I ridossi dal Maestrale sono quelli che si frequentano di più, e quindi anche i più conosciuti: Budelli, La Maddalena, Santa Manza, Rondinara e, conoscendo bene, anche Lavezzi. A volte quando il Maestrale si prolunga per più giorni – cinque invece dei classici tre – mi ridosso al versante est della Corsica: il Maestrale arriva sì, ma niente onda, e si può andare avanti per giorni risalendo con il vento al traverso, di baia in baia, prima che ci siano le condizioni per scendere di nuovo verso le Bocche e navigare verso Bonifacio.

Con il Grecale, il vento di nord est che a volte non è meno impetuoso del Maestrale, si trova riparo nei versanti occidentali delle isole dell’arcipelago, meno “battuti” ma assolutamente non meno affascinanti – due su tutti la meravigliosa Razzoli  e il magico Porto della Madonna.

In tanti anni ho affrontato le Bocche di Bonifacio in tutte le condizioni, dalla bonaccia al vento forte, a volte nell’arco della stessa settimana. E in effetti  a molti di quelli che mi chiedono della traversata atlantica e delle navigazioni d’altura per “imparare ad andare in barca”, io rispondo che ad andare a vela si impara qui, nelle Bocche. Mani di terzaroli, andature diverse, ancoraggi, ormeggi, scelta dei ridossi, studio delle carte – in una semplice settimana nelle Bocche di Bonifacio in barca a vela si fa vela davvero.

Le Bocche di Bonifacio in barca a vela, non solo vento: la bella Bonifacio e uno dei mari più spettacolari del mondo

 La bella Bonifacio…  ancora un altro motivo per amare questo tratto di mare: è uno dei porti più suggestivi del Mediterraneo, con il suo ingresso nascosto nel fiordo, le lunghe falesie bianche, i locali con la musica dal vivo e la città vecchia da visitare. Nelle giornate di vento da Nord Est arrivare a Bonifacio è una passeggiata al lasco, ma con il Ponente non sempre è così  semplice: soprattutto quando il vento è molto da nord ovest l’onda secca di prua frena la barca e per evitarla navigo molto sotto costa alla Corsica facendo numerosi bordi.
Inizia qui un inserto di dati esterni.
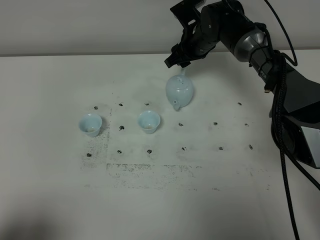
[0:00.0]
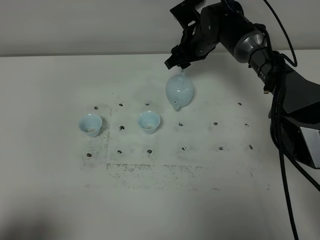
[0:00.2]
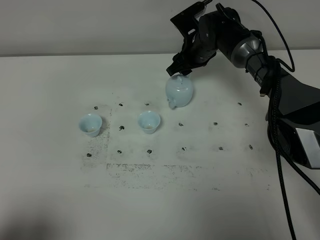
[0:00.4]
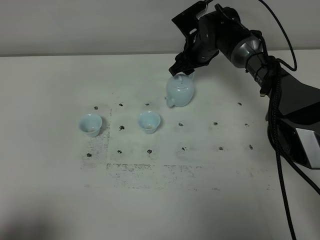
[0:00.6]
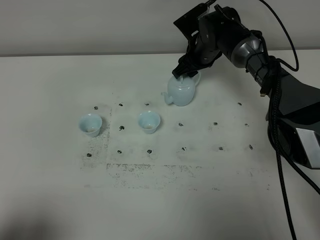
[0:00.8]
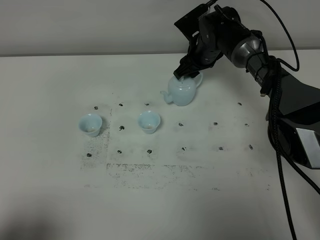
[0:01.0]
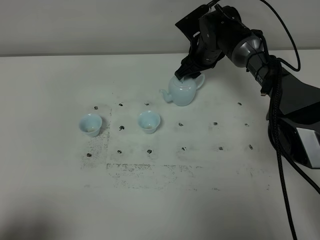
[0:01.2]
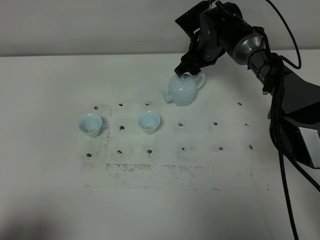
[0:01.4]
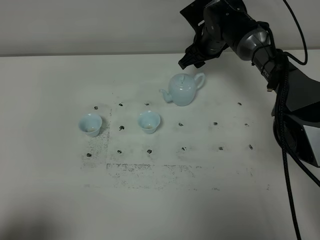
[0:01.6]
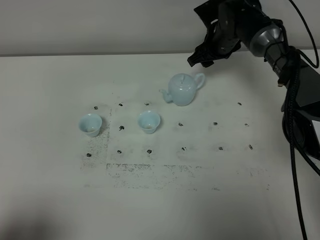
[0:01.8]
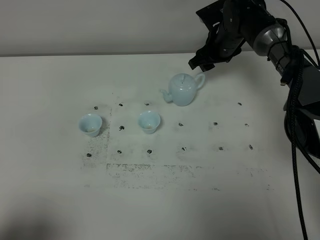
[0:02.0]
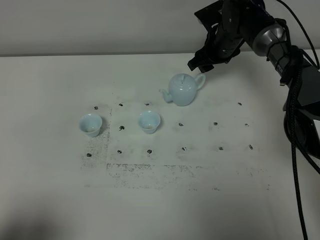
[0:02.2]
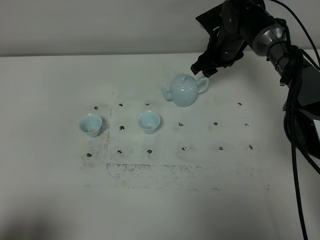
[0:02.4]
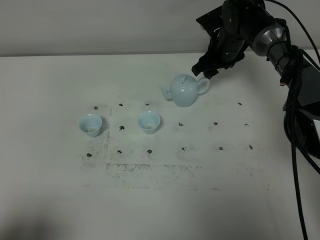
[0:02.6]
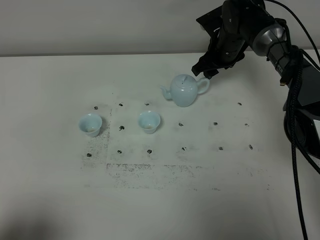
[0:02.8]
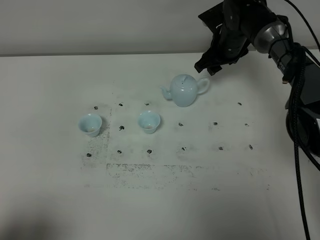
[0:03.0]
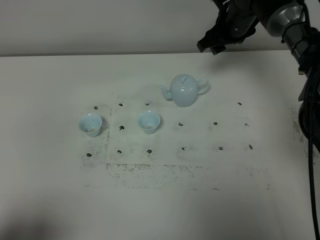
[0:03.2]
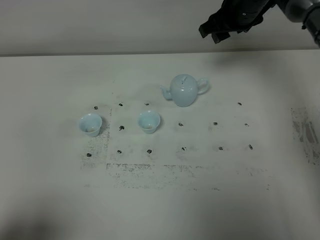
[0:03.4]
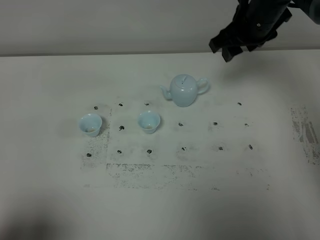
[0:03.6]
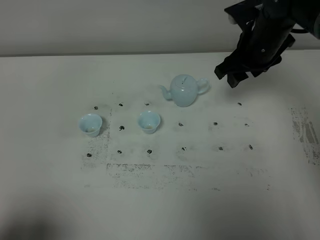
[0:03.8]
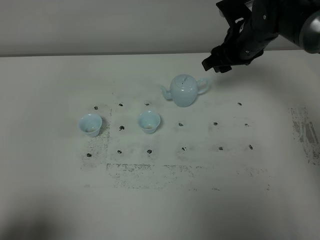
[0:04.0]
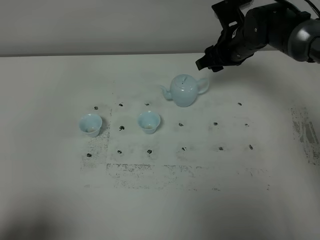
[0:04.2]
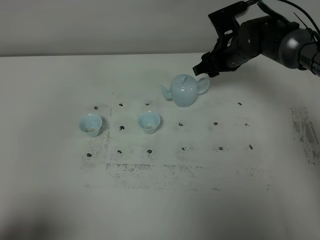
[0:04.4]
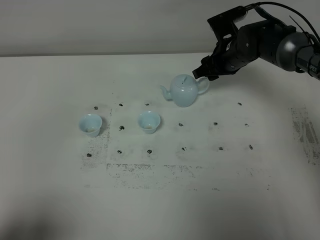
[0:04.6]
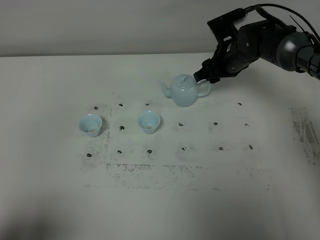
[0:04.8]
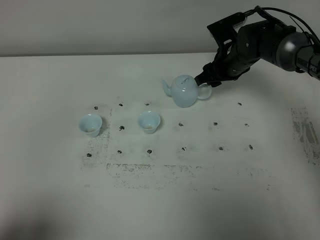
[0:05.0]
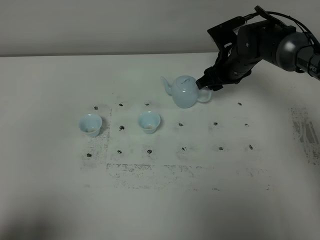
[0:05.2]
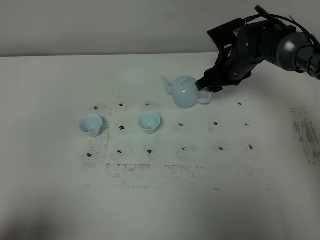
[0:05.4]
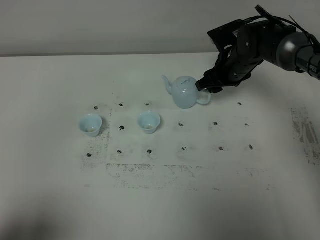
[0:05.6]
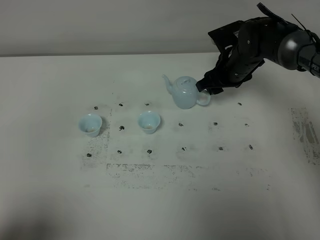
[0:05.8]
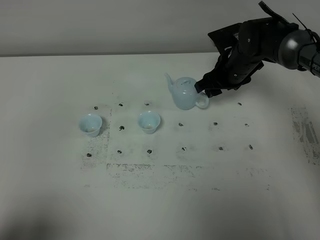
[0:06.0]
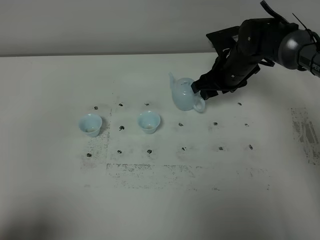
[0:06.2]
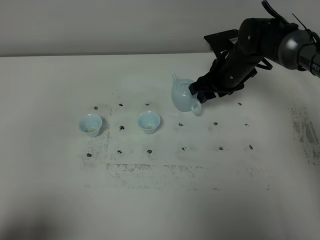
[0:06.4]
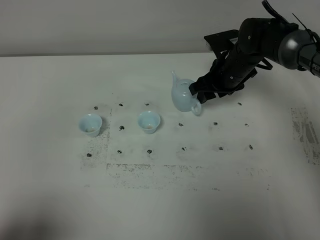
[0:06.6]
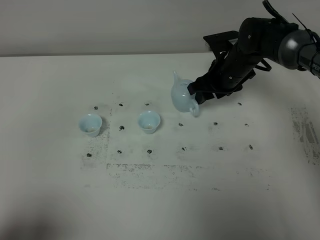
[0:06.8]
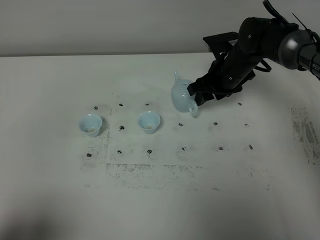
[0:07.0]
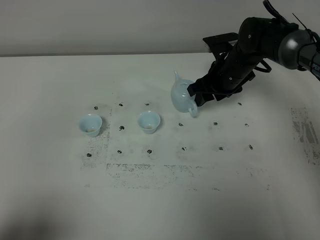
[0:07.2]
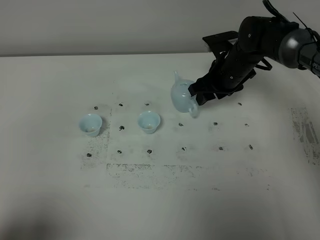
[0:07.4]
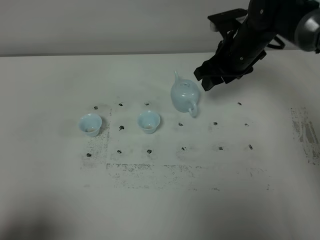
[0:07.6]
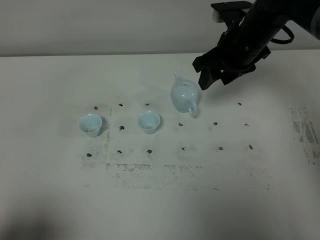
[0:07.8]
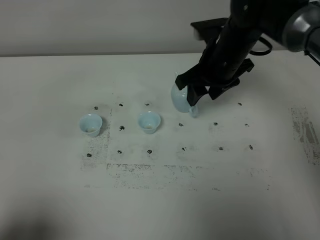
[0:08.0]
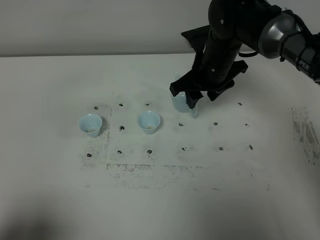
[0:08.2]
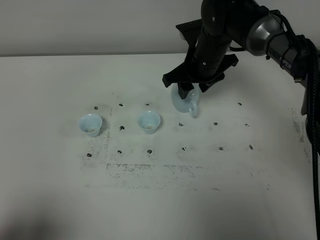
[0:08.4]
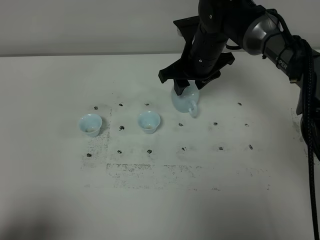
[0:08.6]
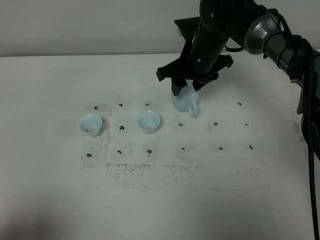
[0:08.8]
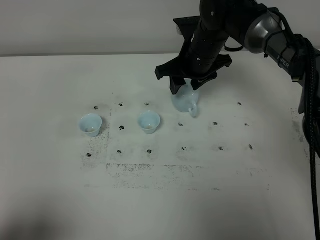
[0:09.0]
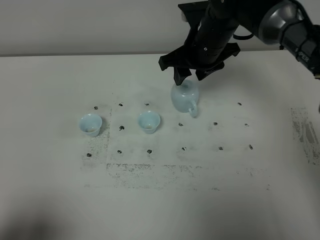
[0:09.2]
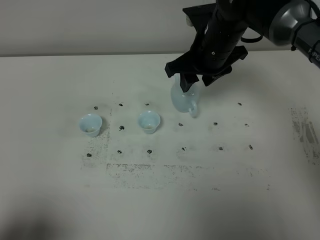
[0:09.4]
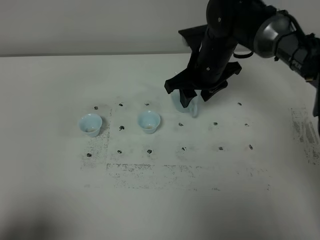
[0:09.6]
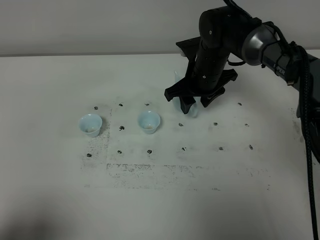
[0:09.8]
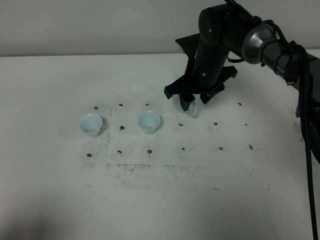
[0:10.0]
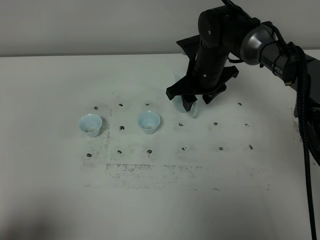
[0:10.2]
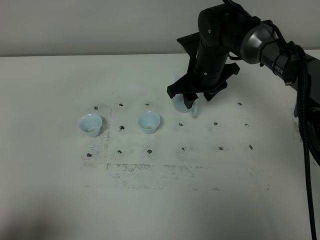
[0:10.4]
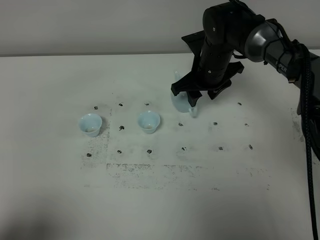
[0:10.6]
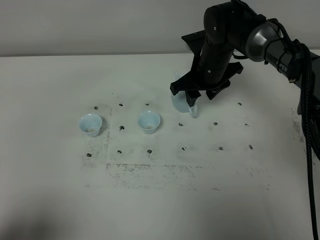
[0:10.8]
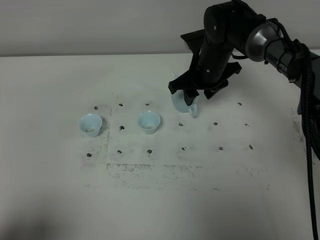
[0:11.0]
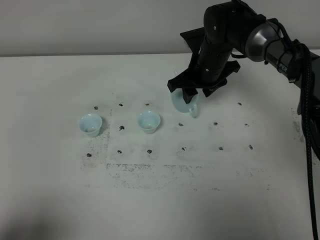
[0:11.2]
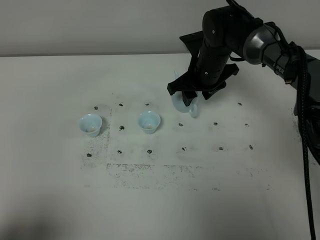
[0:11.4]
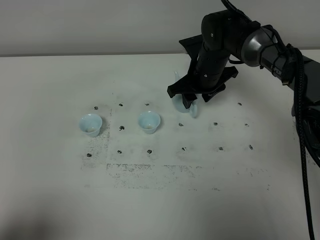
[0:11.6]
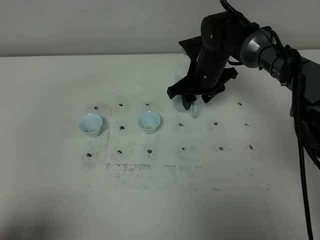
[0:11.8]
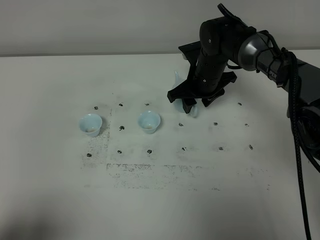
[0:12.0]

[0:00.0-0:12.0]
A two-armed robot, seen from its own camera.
Task of the whole recording: grasp the blue porcelain teapot and pour the tea into the two blue porcelain teacups one by one, put the blue porcelain teapot back in its original place.
0:00.0 to 0:03.0: The grippers make only small movements.
0:03.0 to 0:04.4: The right gripper moves roughly 10 cm upward and comes back.
0:04.4 to 0:06.0: There are only small adjustments of the grippers.
0:06.0 to 0:07.6: The right gripper heads upward, covering about 5 cm.
0:07.6 to 0:09.0: The right gripper moves to the left, some 5 cm.
0:09.0 to 0:10.4: The grippers make only small movements.
0:10.4 to 0:12.0: The grippers stay close to where they were, moving slightly.

Solo un paio di volte, in tanti anni, mi sono “arreso” alle Bocche e ho deciso che avanti non si poteva andare: troppa fatica per l’equipaggio e per la barca, freddo e mal di mare in agguato, rischio di arrivare molto tardi. Poco male, si gira la prua e ci si ridosso all’Isola Piana o a Lavezzi, per riprovare il giorno dopo. Ma quando si riesce a conquistarsi le Bocche a vela, le emozioni per l’equipaggio sono sempre forti. E lo sono anche per me, anche dopo tanto tempo, perché regalano la più bella navigazione del Mediterraneo.
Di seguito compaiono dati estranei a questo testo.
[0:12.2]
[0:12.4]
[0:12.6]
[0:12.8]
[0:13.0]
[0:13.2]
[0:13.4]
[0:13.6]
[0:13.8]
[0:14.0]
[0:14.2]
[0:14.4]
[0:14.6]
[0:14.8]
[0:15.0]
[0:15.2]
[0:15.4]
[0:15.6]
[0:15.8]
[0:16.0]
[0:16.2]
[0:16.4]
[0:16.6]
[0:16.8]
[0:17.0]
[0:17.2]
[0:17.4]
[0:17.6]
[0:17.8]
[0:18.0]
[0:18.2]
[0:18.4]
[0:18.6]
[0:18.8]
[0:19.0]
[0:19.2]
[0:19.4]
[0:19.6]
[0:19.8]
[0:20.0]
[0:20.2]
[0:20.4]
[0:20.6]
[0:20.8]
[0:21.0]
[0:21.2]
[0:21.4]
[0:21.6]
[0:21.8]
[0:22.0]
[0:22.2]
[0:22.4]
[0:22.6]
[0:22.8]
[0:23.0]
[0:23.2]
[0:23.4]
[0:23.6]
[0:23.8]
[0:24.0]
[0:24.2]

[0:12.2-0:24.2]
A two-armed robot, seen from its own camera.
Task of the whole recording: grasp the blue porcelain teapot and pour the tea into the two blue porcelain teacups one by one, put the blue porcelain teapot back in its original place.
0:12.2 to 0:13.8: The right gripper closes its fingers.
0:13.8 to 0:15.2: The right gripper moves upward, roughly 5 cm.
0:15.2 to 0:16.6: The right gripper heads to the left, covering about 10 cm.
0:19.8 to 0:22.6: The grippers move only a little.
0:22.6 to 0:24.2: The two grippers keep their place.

Ma le Bocche e le loro isole sono una delle massime bellezze del Mediterraneo anche sott’acqua. Lo dico senza avere molti dubbi: io non ho visto tanto nella mia vita, ma sento dire anche da chi ha viaggiato molto che questo è uno dei mari più belli del mondo, e di sicuro non ha nulla da invidiare al mar dei Caraibi. L’istituzione delle riserve marine e dei parchi sui due versanti, francese e italiano, ha fatto molto negli anni per tutelare i fondali, e i risultati si vedono: soprattutto a Lavezzi sembra di nuotare in un acquario, tra saraghi reali, salpe, occhiate, polpi e a volte addirittura cernie. A Cavallo è facile vedere le grandi pinne nobilis, a Razzoli si trovano piccole baie nascoste tra le rocce con paesaggi sottomarini spettacolari, e i colori che regala il mare di Budelli sono talmente straordinari da lasciare senza parole anche noi che li vediamo ogni settimana.

Sarà anche una fatica conquistarsi le Bocche di Bonifacio in barca a vela (anche se io dico che lavorare in miniera è peggio), ma la loro bellezza ripaga, sempre.